Up until this point, I never really "got" Nechochwen. That kind of folkNe-tinged black metal can be incredibly hit or miss for me, and Nenchochwen's previous albums have basically gone in one ear and out the other. For that reason, I didn't rush to check out Kanawha Black, but, when I did, I was pretty impressed. This fully integrates the quieter passages into the more metal moments in a way that few bands attempting this style have been able to fully pull off. There are a couple of spots where the clean vocals get a little too 2000's-radio-station-butt-rock, but I can forgive that given how good the rest of this album is.

Pharmacist, Flourishing Extremities On Unspoiled Mental Grounds

I wrote about Pharmacist at the end of last year and here I am doing that exact same thing again. Full disclosure: this is probably my least favorite Pharmacist release so far, but it's still really good. I'm a sucker for people trying to recreate classic-era Carcass in literally all forms and I hope Pharmacist keeps it coming.

Plosivs, Plosivs

Supergroups are always a dodgy proposition. Unless, of course, it's the kind of supergroup where it's just people who play in a lot of bands, some of which just so happen to be popular and influential, and those folks decide to start a new band together. To me, Plosivs sounds like Rob Crow wanted to start a punk band but he has such a distinct riff-writing approach and rhythmic sensibility that it ended up sounding nothing like a punk band. There's something charming about that to me.

Praise, All In A Dream

Initially, I wasn't as hot on this record as a lot of other people because, and this is not meant as a diss, Praise's vocalist has always felt a little lacking to me. I liked their previous material well enough, but something about the fuller production on All In A Dream really highlighted that weak spot for me, at least initially. After my first couple of listens, I was still on the fence when, suddenly, it all clicked. I have a soft spot for bands that try to recreate the Revolution Summer sound without trying to be an emo band and Praise nails that here. Glad I came around on this one.

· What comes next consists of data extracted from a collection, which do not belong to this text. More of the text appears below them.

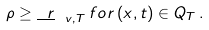<formula> <loc_0><loc_0><loc_500><loc_500>\rho \geq \underline { \ r } _ { \ v , T } \, f o r \, ( x , t ) \in Q _ { T } \, .</formula> 
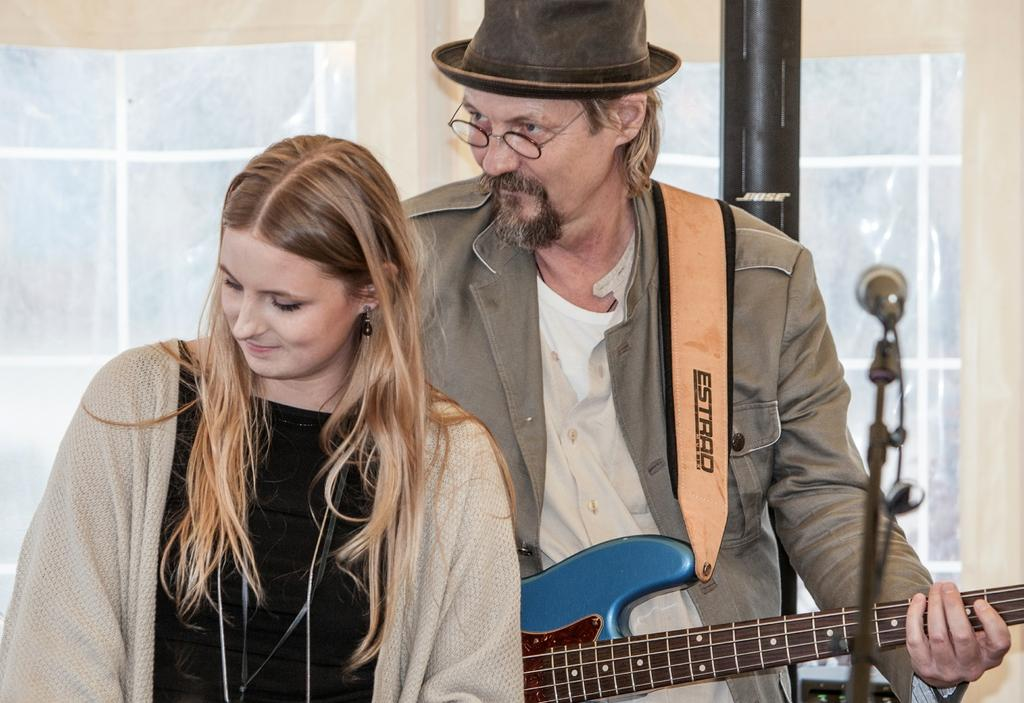How many people are in the image? There are two people in the image, a woman and a man. What is the man holding in the image? The man is holding a guitar. What accessories is the man wearing in the image? The man is wearing a cap and specs. What object is present in front of them in the image? There is a microphone in front of them. What color is the silver line of hope in the image? There is no silver line of hope present in the image. 
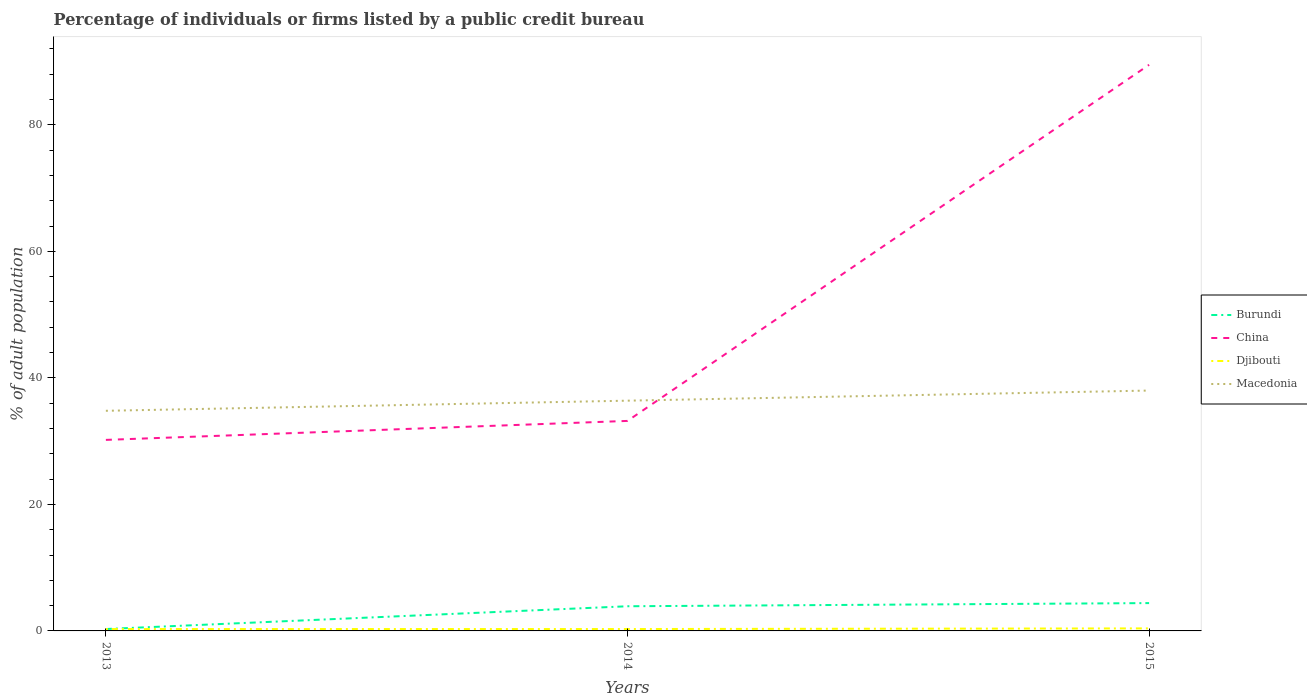Does the line corresponding to Burundi intersect with the line corresponding to Djibouti?
Your response must be concise. Yes. Is the number of lines equal to the number of legend labels?
Your response must be concise. Yes. In which year was the percentage of population listed by a public credit bureau in Burundi maximum?
Your answer should be very brief. 2013. What is the total percentage of population listed by a public credit bureau in Djibouti in the graph?
Keep it short and to the point. -0.1. What is the difference between the highest and the second highest percentage of population listed by a public credit bureau in Macedonia?
Keep it short and to the point. 3.2. How many lines are there?
Ensure brevity in your answer.  4. How many years are there in the graph?
Your answer should be very brief. 3. What is the difference between two consecutive major ticks on the Y-axis?
Give a very brief answer. 20. Are the values on the major ticks of Y-axis written in scientific E-notation?
Provide a succinct answer. No. Does the graph contain any zero values?
Keep it short and to the point. No. What is the title of the graph?
Keep it short and to the point. Percentage of individuals or firms listed by a public credit bureau. What is the label or title of the X-axis?
Give a very brief answer. Years. What is the label or title of the Y-axis?
Your response must be concise. % of adult population. What is the % of adult population in Burundi in 2013?
Your answer should be very brief. 0.3. What is the % of adult population in China in 2013?
Make the answer very short. 30.2. What is the % of adult population in Djibouti in 2013?
Ensure brevity in your answer.  0.3. What is the % of adult population of Macedonia in 2013?
Offer a very short reply. 34.8. What is the % of adult population of Burundi in 2014?
Ensure brevity in your answer.  3.9. What is the % of adult population in China in 2014?
Ensure brevity in your answer.  33.2. What is the % of adult population of Djibouti in 2014?
Make the answer very short. 0.3. What is the % of adult population in Macedonia in 2014?
Ensure brevity in your answer.  36.4. What is the % of adult population of China in 2015?
Your answer should be very brief. 89.5. What is the % of adult population in Djibouti in 2015?
Keep it short and to the point. 0.4. Across all years, what is the maximum % of adult population of China?
Offer a very short reply. 89.5. Across all years, what is the maximum % of adult population of Macedonia?
Provide a short and direct response. 38. Across all years, what is the minimum % of adult population of China?
Provide a succinct answer. 30.2. Across all years, what is the minimum % of adult population in Djibouti?
Provide a succinct answer. 0.3. Across all years, what is the minimum % of adult population in Macedonia?
Offer a terse response. 34.8. What is the total % of adult population of Burundi in the graph?
Give a very brief answer. 8.6. What is the total % of adult population of China in the graph?
Keep it short and to the point. 152.9. What is the total % of adult population of Djibouti in the graph?
Provide a succinct answer. 1. What is the total % of adult population in Macedonia in the graph?
Provide a short and direct response. 109.2. What is the difference between the % of adult population of Burundi in 2013 and that in 2014?
Offer a terse response. -3.6. What is the difference between the % of adult population in Djibouti in 2013 and that in 2014?
Your answer should be very brief. 0. What is the difference between the % of adult population of Burundi in 2013 and that in 2015?
Provide a succinct answer. -4.1. What is the difference between the % of adult population in China in 2013 and that in 2015?
Your response must be concise. -59.3. What is the difference between the % of adult population in China in 2014 and that in 2015?
Keep it short and to the point. -56.3. What is the difference between the % of adult population of Djibouti in 2014 and that in 2015?
Provide a succinct answer. -0.1. What is the difference between the % of adult population of Burundi in 2013 and the % of adult population of China in 2014?
Offer a very short reply. -32.9. What is the difference between the % of adult population of Burundi in 2013 and the % of adult population of Djibouti in 2014?
Your answer should be compact. 0. What is the difference between the % of adult population in Burundi in 2013 and the % of adult population in Macedonia in 2014?
Offer a very short reply. -36.1. What is the difference between the % of adult population of China in 2013 and the % of adult population of Djibouti in 2014?
Your answer should be compact. 29.9. What is the difference between the % of adult population in Djibouti in 2013 and the % of adult population in Macedonia in 2014?
Ensure brevity in your answer.  -36.1. What is the difference between the % of adult population of Burundi in 2013 and the % of adult population of China in 2015?
Your response must be concise. -89.2. What is the difference between the % of adult population in Burundi in 2013 and the % of adult population in Macedonia in 2015?
Your response must be concise. -37.7. What is the difference between the % of adult population in China in 2013 and the % of adult population in Djibouti in 2015?
Give a very brief answer. 29.8. What is the difference between the % of adult population of China in 2013 and the % of adult population of Macedonia in 2015?
Make the answer very short. -7.8. What is the difference between the % of adult population in Djibouti in 2013 and the % of adult population in Macedonia in 2015?
Keep it short and to the point. -37.7. What is the difference between the % of adult population of Burundi in 2014 and the % of adult population of China in 2015?
Ensure brevity in your answer.  -85.6. What is the difference between the % of adult population in Burundi in 2014 and the % of adult population in Macedonia in 2015?
Your answer should be compact. -34.1. What is the difference between the % of adult population in China in 2014 and the % of adult population in Djibouti in 2015?
Your response must be concise. 32.8. What is the difference between the % of adult population of China in 2014 and the % of adult population of Macedonia in 2015?
Your response must be concise. -4.8. What is the difference between the % of adult population in Djibouti in 2014 and the % of adult population in Macedonia in 2015?
Offer a very short reply. -37.7. What is the average % of adult population in Burundi per year?
Provide a short and direct response. 2.87. What is the average % of adult population in China per year?
Offer a very short reply. 50.97. What is the average % of adult population of Djibouti per year?
Your answer should be very brief. 0.33. What is the average % of adult population in Macedonia per year?
Make the answer very short. 36.4. In the year 2013, what is the difference between the % of adult population of Burundi and % of adult population of China?
Your response must be concise. -29.9. In the year 2013, what is the difference between the % of adult population of Burundi and % of adult population of Macedonia?
Your answer should be compact. -34.5. In the year 2013, what is the difference between the % of adult population in China and % of adult population in Djibouti?
Offer a terse response. 29.9. In the year 2013, what is the difference between the % of adult population in China and % of adult population in Macedonia?
Offer a terse response. -4.6. In the year 2013, what is the difference between the % of adult population in Djibouti and % of adult population in Macedonia?
Give a very brief answer. -34.5. In the year 2014, what is the difference between the % of adult population in Burundi and % of adult population in China?
Your answer should be compact. -29.3. In the year 2014, what is the difference between the % of adult population of Burundi and % of adult population of Djibouti?
Your response must be concise. 3.6. In the year 2014, what is the difference between the % of adult population in Burundi and % of adult population in Macedonia?
Make the answer very short. -32.5. In the year 2014, what is the difference between the % of adult population in China and % of adult population in Djibouti?
Your response must be concise. 32.9. In the year 2014, what is the difference between the % of adult population in China and % of adult population in Macedonia?
Ensure brevity in your answer.  -3.2. In the year 2014, what is the difference between the % of adult population in Djibouti and % of adult population in Macedonia?
Make the answer very short. -36.1. In the year 2015, what is the difference between the % of adult population in Burundi and % of adult population in China?
Provide a short and direct response. -85.1. In the year 2015, what is the difference between the % of adult population in Burundi and % of adult population in Macedonia?
Make the answer very short. -33.6. In the year 2015, what is the difference between the % of adult population of China and % of adult population of Djibouti?
Ensure brevity in your answer.  89.1. In the year 2015, what is the difference between the % of adult population of China and % of adult population of Macedonia?
Provide a short and direct response. 51.5. In the year 2015, what is the difference between the % of adult population in Djibouti and % of adult population in Macedonia?
Your answer should be very brief. -37.6. What is the ratio of the % of adult population of Burundi in 2013 to that in 2014?
Your response must be concise. 0.08. What is the ratio of the % of adult population of China in 2013 to that in 2014?
Your answer should be very brief. 0.91. What is the ratio of the % of adult population in Macedonia in 2013 to that in 2014?
Offer a very short reply. 0.96. What is the ratio of the % of adult population in Burundi in 2013 to that in 2015?
Provide a succinct answer. 0.07. What is the ratio of the % of adult population in China in 2013 to that in 2015?
Your answer should be compact. 0.34. What is the ratio of the % of adult population of Macedonia in 2013 to that in 2015?
Make the answer very short. 0.92. What is the ratio of the % of adult population of Burundi in 2014 to that in 2015?
Make the answer very short. 0.89. What is the ratio of the % of adult population in China in 2014 to that in 2015?
Your response must be concise. 0.37. What is the ratio of the % of adult population of Djibouti in 2014 to that in 2015?
Offer a very short reply. 0.75. What is the ratio of the % of adult population of Macedonia in 2014 to that in 2015?
Ensure brevity in your answer.  0.96. What is the difference between the highest and the second highest % of adult population of Burundi?
Ensure brevity in your answer.  0.5. What is the difference between the highest and the second highest % of adult population in China?
Provide a short and direct response. 56.3. What is the difference between the highest and the second highest % of adult population of Macedonia?
Ensure brevity in your answer.  1.6. What is the difference between the highest and the lowest % of adult population in Burundi?
Provide a short and direct response. 4.1. What is the difference between the highest and the lowest % of adult population of China?
Provide a succinct answer. 59.3. What is the difference between the highest and the lowest % of adult population in Djibouti?
Provide a succinct answer. 0.1.

PUP, The Unraveling Of PUPTHEBAND

PUP's last album, Morbid Stuff, was easily my least favorite in the band's catalog. I know this is an incredibly unpopular opinion, as people love that album passionately, but it just missed the mark for me. It wasn't bad, but it felt front-loaded and, by the midway point, I always wanted to circle back to those early tracks instead of finishing the album out. That's not the case with The Unraveling Of PUPTHEBAND, which takes some big creative leaps and I think nails each and every one of them. A real grower of an album, and I love those so much.

Undeath, It’s Time…To Rise From The Grave

The exact opposite of a grower, Undeath's second record builds so cleanly off their debut that I couldn't help but love it from the first time I heard it. The production sits perfectly on the axis of cleanly produced and charmingly dirty, sounding like a modern death metal record without getting sucked into the trap of becoming sterile. Plus, this band writes hooks, the kind that surely will get some people riled up, but whatever, I just have fun singing along to a song called "Human Chandelier." Which, as you can probably guess, is about turning dead bodies into a chandelier.

Valtatyhjiö, Lukko

Okay, look, I know this came out in 2021 but I am fudging the rules here. Sorry State Records re-released their demo this year and this seven minutes of music has been on repeat for me ever since I got the tape in the mail. With touches of Finnish hardcore, early American fast hardcore, and insane double bass parts that somehow work in this context, Valtatyhjiö is the band that every into punk and hardcore should be talking about, and I'm going to keep yelling about it until more people take notice.

Track of the Year So Far: Dazy & Militarie Gun, "Pressure Cooker"

Yes, I've written about both of these bands in this very newsletter before, so it comes as no surprise that their collab single "Pressure Cooker" was very much my shit. Hooks so huge that anyone who is hating on this is just jealous they can't get their choruses to sit in their songs the way they hear them in their head. A classic track that I've already listened to hundreds of times and have somehow not gotten sick of, and I surely never will.